INSTRUCTIONS TO FOLLOW:
Find the word "front" in the listing below, then return every line it appears in.

DATA FOR ANALYSIS:
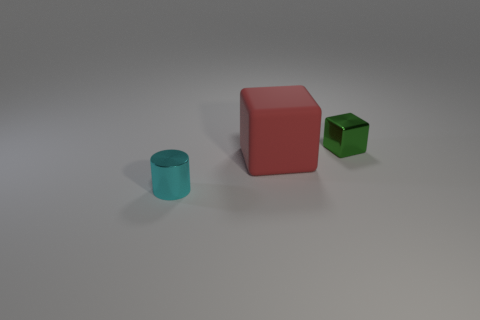Are there any other things that have the same shape as the large red object?
Make the answer very short. Yes. What is the small object that is in front of the green thing made of?
Provide a short and direct response. Metal. What size is the red thing that is the same shape as the small green metallic object?
Offer a terse response. Large. What number of small cubes are made of the same material as the cylinder?
Make the answer very short. 1. What number of things are small things on the right side of the small metal cylinder or cylinders on the left side of the large rubber thing?
Provide a short and direct response. 2. Is the number of large things in front of the matte thing less than the number of brown shiny spheres?
Give a very brief answer. No. Is there a cube that has the same size as the cyan cylinder?
Offer a very short reply. Yes. The cylinder is what color?
Provide a short and direct response. Cyan. Is the size of the green cube the same as the red thing?
Your response must be concise. No. What number of things are either small cyan things or tiny brown things?
Ensure brevity in your answer.  1. 
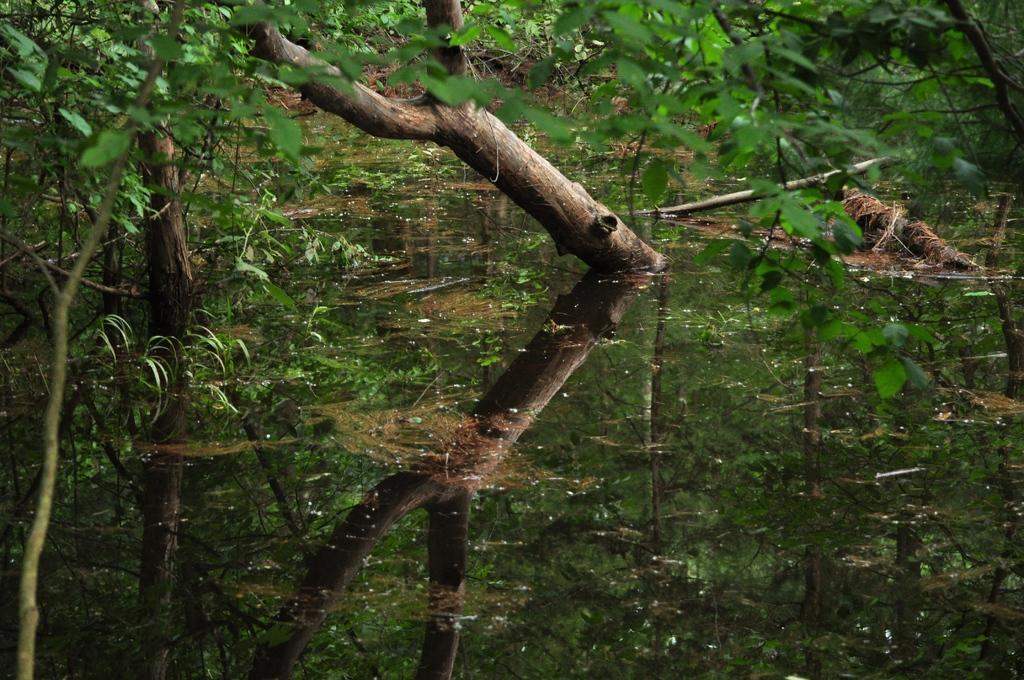Can you describe this image briefly? In this image I can see the water. In the background I can see few trees in green color. 
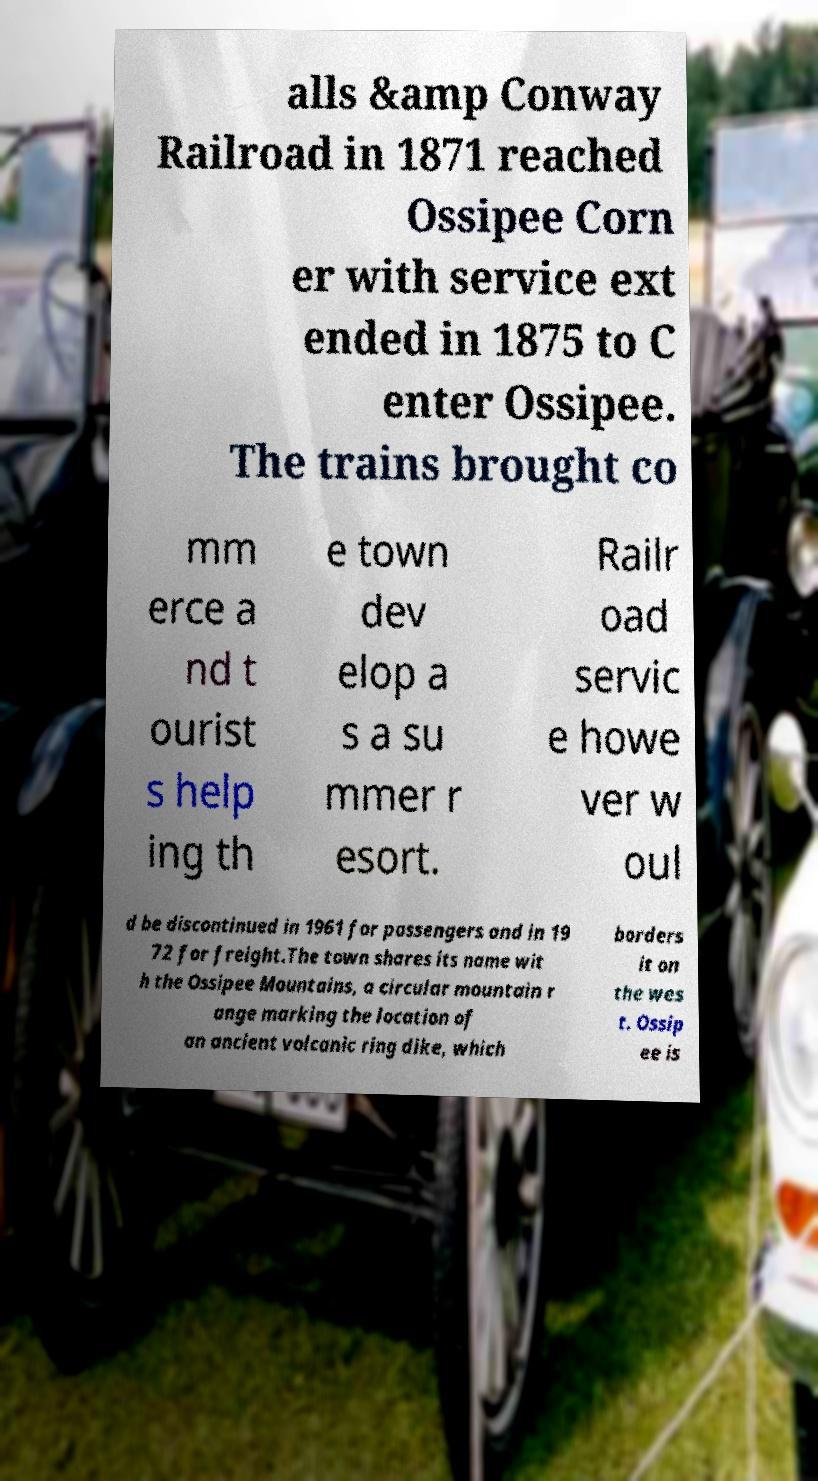Please identify and transcribe the text found in this image. alls &amp Conway Railroad in 1871 reached Ossipee Corn er with service ext ended in 1875 to C enter Ossipee. The trains brought co mm erce a nd t ourist s help ing th e town dev elop a s a su mmer r esort. Railr oad servic e howe ver w oul d be discontinued in 1961 for passengers and in 19 72 for freight.The town shares its name wit h the Ossipee Mountains, a circular mountain r ange marking the location of an ancient volcanic ring dike, which borders it on the wes t. Ossip ee is 
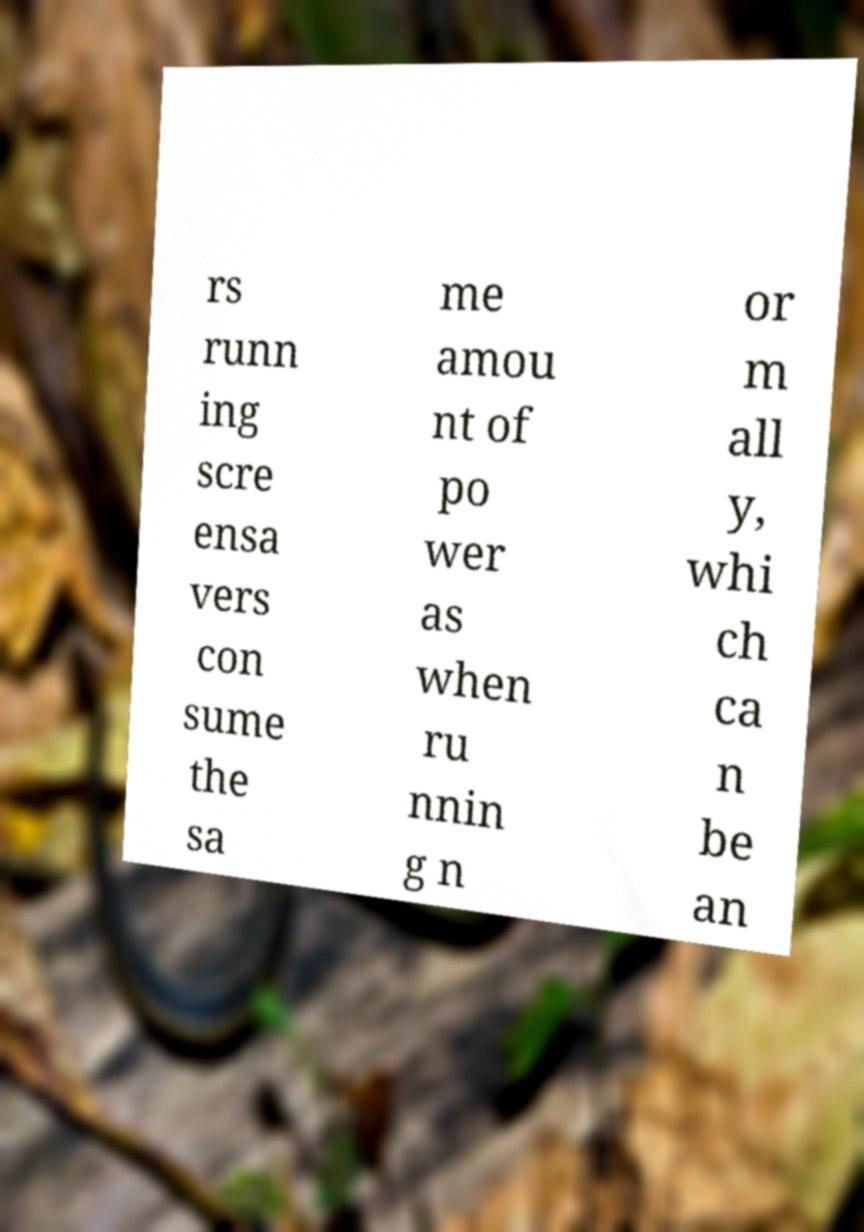I need the written content from this picture converted into text. Can you do that? rs runn ing scre ensa vers con sume the sa me amou nt of po wer as when ru nnin g n or m all y, whi ch ca n be an 
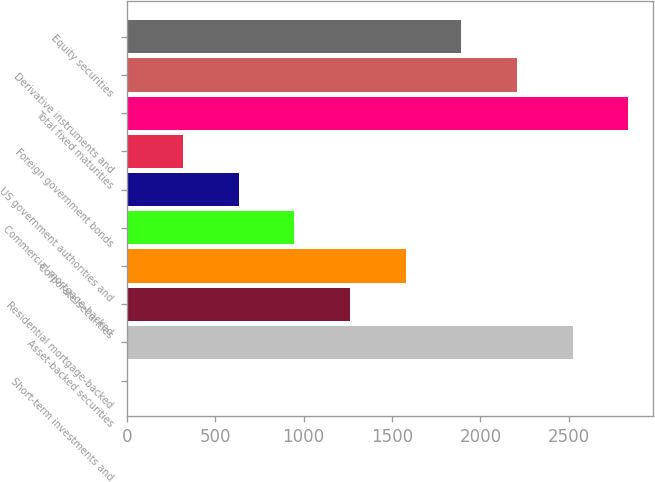Convert chart to OTSL. <chart><loc_0><loc_0><loc_500><loc_500><bar_chart><fcel>Short-term investments and<fcel>Asset-backed securities<fcel>Residential mortgage-backed<fcel>Corporate securities<fcel>Commercial mortgage-backed<fcel>US government authorities and<fcel>Foreign government bonds<fcel>Total fixed maturities<fcel>Derivative instruments and<fcel>Equity securities<nl><fcel>5<fcel>2521<fcel>1263<fcel>1577.5<fcel>948.5<fcel>634<fcel>319.5<fcel>2835.5<fcel>2206.5<fcel>1892<nl></chart> 
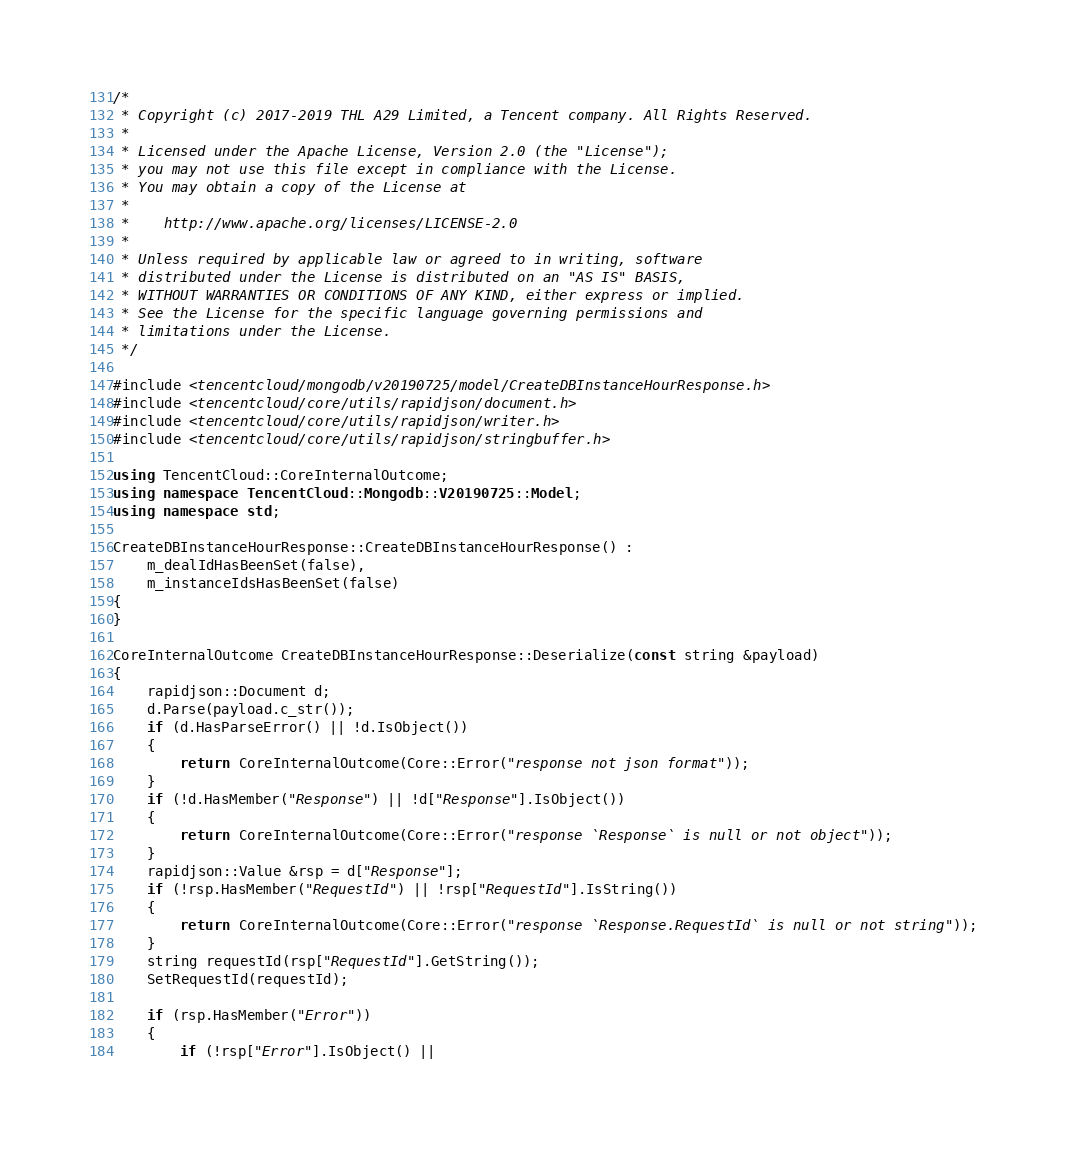<code> <loc_0><loc_0><loc_500><loc_500><_C++_>/*
 * Copyright (c) 2017-2019 THL A29 Limited, a Tencent company. All Rights Reserved.
 *
 * Licensed under the Apache License, Version 2.0 (the "License");
 * you may not use this file except in compliance with the License.
 * You may obtain a copy of the License at
 *
 *    http://www.apache.org/licenses/LICENSE-2.0
 *
 * Unless required by applicable law or agreed to in writing, software
 * distributed under the License is distributed on an "AS IS" BASIS,
 * WITHOUT WARRANTIES OR CONDITIONS OF ANY KIND, either express or implied.
 * See the License for the specific language governing permissions and
 * limitations under the License.
 */

#include <tencentcloud/mongodb/v20190725/model/CreateDBInstanceHourResponse.h>
#include <tencentcloud/core/utils/rapidjson/document.h>
#include <tencentcloud/core/utils/rapidjson/writer.h>
#include <tencentcloud/core/utils/rapidjson/stringbuffer.h>

using TencentCloud::CoreInternalOutcome;
using namespace TencentCloud::Mongodb::V20190725::Model;
using namespace std;

CreateDBInstanceHourResponse::CreateDBInstanceHourResponse() :
    m_dealIdHasBeenSet(false),
    m_instanceIdsHasBeenSet(false)
{
}

CoreInternalOutcome CreateDBInstanceHourResponse::Deserialize(const string &payload)
{
    rapidjson::Document d;
    d.Parse(payload.c_str());
    if (d.HasParseError() || !d.IsObject())
    {
        return CoreInternalOutcome(Core::Error("response not json format"));
    }
    if (!d.HasMember("Response") || !d["Response"].IsObject())
    {
        return CoreInternalOutcome(Core::Error("response `Response` is null or not object"));
    }
    rapidjson::Value &rsp = d["Response"];
    if (!rsp.HasMember("RequestId") || !rsp["RequestId"].IsString())
    {
        return CoreInternalOutcome(Core::Error("response `Response.RequestId` is null or not string"));
    }
    string requestId(rsp["RequestId"].GetString());
    SetRequestId(requestId);

    if (rsp.HasMember("Error"))
    {
        if (!rsp["Error"].IsObject() ||</code>

SOLUTION:
Make the answer very short. Yes. What is the small object that is in front of the green thing made of?
Provide a short and direct response. 2. Is the number of large things in front of the matte thing less than the number of brown shiny spheres?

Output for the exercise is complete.